Вилла «Силенциоза» была расположена на равнине между Аддой и Серио,[12] и было в ней нечто неуловимо таинственное. Чезаре отказался от привычного «Тополино», и они ехали на «Ланче», черной, сверкающей хромированными частями, с шофером в ливрее за рулем. Впервые она ехала вместе с Чезаре, впервые ехала в его поместье в Караваджо и впервые она чувствовала себя неверной женой.

– Ты счастлива? – спросил Чезаре, обнимая ее.

Они сидели на задних сиденьях: от водителя их отделяло толстое стекло. Мария покраснела.

– Прошу тебя, – стыдливо отодвинулась она. И тут же усмехнулась собственному лицемерию: ложится с ним в постель и краснеет, когда он просто притронулся к ней.

– Я тебя спросил, счастлива ли ты, – повторил он.

– Я ошеломлена, – тихо сказала она. – У меня страшная путаница в душе. Иногда мне кажется, что я касаюсь неба, а иногда такое впечатление, что проваливаюсь в преисподнюю. Когда думаю, откуда я пришла и с кем сейчас, я готова броситься в реку. Я не знаю. Мне даже стыдно называть тебя по имени. Может, лучше я буду говорить тебе «вы»? А на людях как себя вести? Кто я, экономка дома Больдрани, любовница Чезаре Больдрани или просто каприз хозяина? Должна ли я помнить то, что случилось, или лучше забыть обо всем? – Она подняла на него свои глаза, растерянные и вопрошающие. – Как на меня теперь люди будут смотреть? Как на женщину или как на шлюху? Чезаре остановил ее, взяв за обе руки.

– Успокойся. И не говори больше такого никогда. Ты должна привыкнуть к своему новому положению. Я тебе помогу. А пока смотри! – Они уже оставили за спиной Караваджо и ехали по направлению к вилле Больдрани.

Здание это было построено в шестидесятых годах прошлого века и выдержано в классическом стиле. Оно возникло на месте более скромной постройки, которую все жители в округе называли «графский дом», то есть дом графов Казати. Они владели в этой местности шелковичными плантациями, и когда шелкоделие стало приносить большой доход, графиня Карлотта захотела построить здесь виллу, названную в честь нее.

– А правда, что один из графов Казати умер от горя? – спросила Мария.

– Так говорят, – лаконично ответил Чезаре. Он был в хорошем настроении и улыбался.

– Трогательная история, если она такова, как мне рассказали. – Мария говорила, чтобы избавиться от беспокойства и волнения.

– В бараках тоже полно трогательных историй, – заметил Чезаре, – но никто не говорит о них, потому что им не хватает величия. Великая любовь и нищета не сочетаются в головах людей. У моей матери не хватило бы времени, чтобы умереть от любви. И прекрасная Изолина не от любви умерла. От нее умер граф. Знатные гораздо чувствительней к любовной болезни. – В его голосе проскользнула нотка сарказма.

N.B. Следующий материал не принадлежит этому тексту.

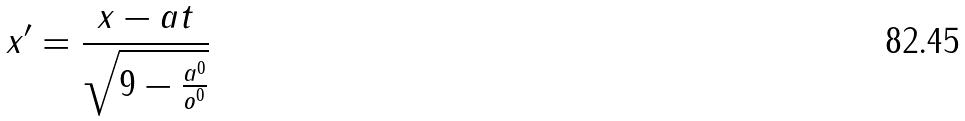Convert formula to latex. <formula><loc_0><loc_0><loc_500><loc_500>x ^ { \prime } = \frac { x - a t } { \sqrt { 9 - \frac { a ^ { 0 } } { o ^ { 0 } } } }</formula>

Элегантный лимузин остановился на залитой солнцем площадке перед виллой, описав по ней медленный полукруг. Романо подбежал открыть дверцу со стороны хозяина.

– Добро пожаловать, синьор Чезаре, – сказал он, приветливо улыбаясь. Это был человек с черным от солнца лицом и узкими карими глазами, спокойными и добрыми.

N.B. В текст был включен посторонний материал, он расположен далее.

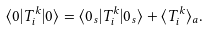Convert formula to latex. <formula><loc_0><loc_0><loc_500><loc_500>\langle 0 | T _ { i } ^ { k } | 0 \rangle = \langle 0 _ { s } | T _ { i } ^ { k } | 0 _ { s } \rangle + \langle T _ { i } ^ { k } \rangle _ { a } .</formula> 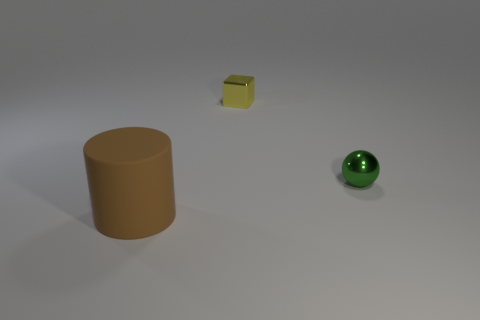Add 3 big brown metal cubes. How many objects exist? 6 Subtract all blocks. How many objects are left? 2 Subtract all large things. Subtract all brown things. How many objects are left? 1 Add 3 brown things. How many brown things are left? 4 Add 1 green metallic spheres. How many green metallic spheres exist? 2 Subtract 0 cyan blocks. How many objects are left? 3

Чезаре обменялся с ним приветствием и обошел вокруг машины, чтобы помочь выйти Марии. Но она опередила его и уже стояла перед Аузонией, маленькой коренастой женщиной с недоверчивым взглядом и крупным невыразительным лицом.

– А это синьора… – Чезаре запнулся. Его властная манера разговаривать здесь спасовала перед тысячелетними предрассудками.

– Я Мария, – вывела она его из затруднения, протянув руку Аузонии.

Больше ничего и не нужно было: Аузония знала о ней. Большая узловатая рука служанки, которую она деревянно подала Марии, не отвечая пожатием на пожатие, а выражая неприязнь к этой чужой женщине, которая входила в дом вместе с хозяином, как некоторые другие, изредка появлявшиеся здесь.

– А я Аузония, – сказала она, опуская глаза перед этой синьорой, которая синьорой не была, но которой она отныне должна повиноваться.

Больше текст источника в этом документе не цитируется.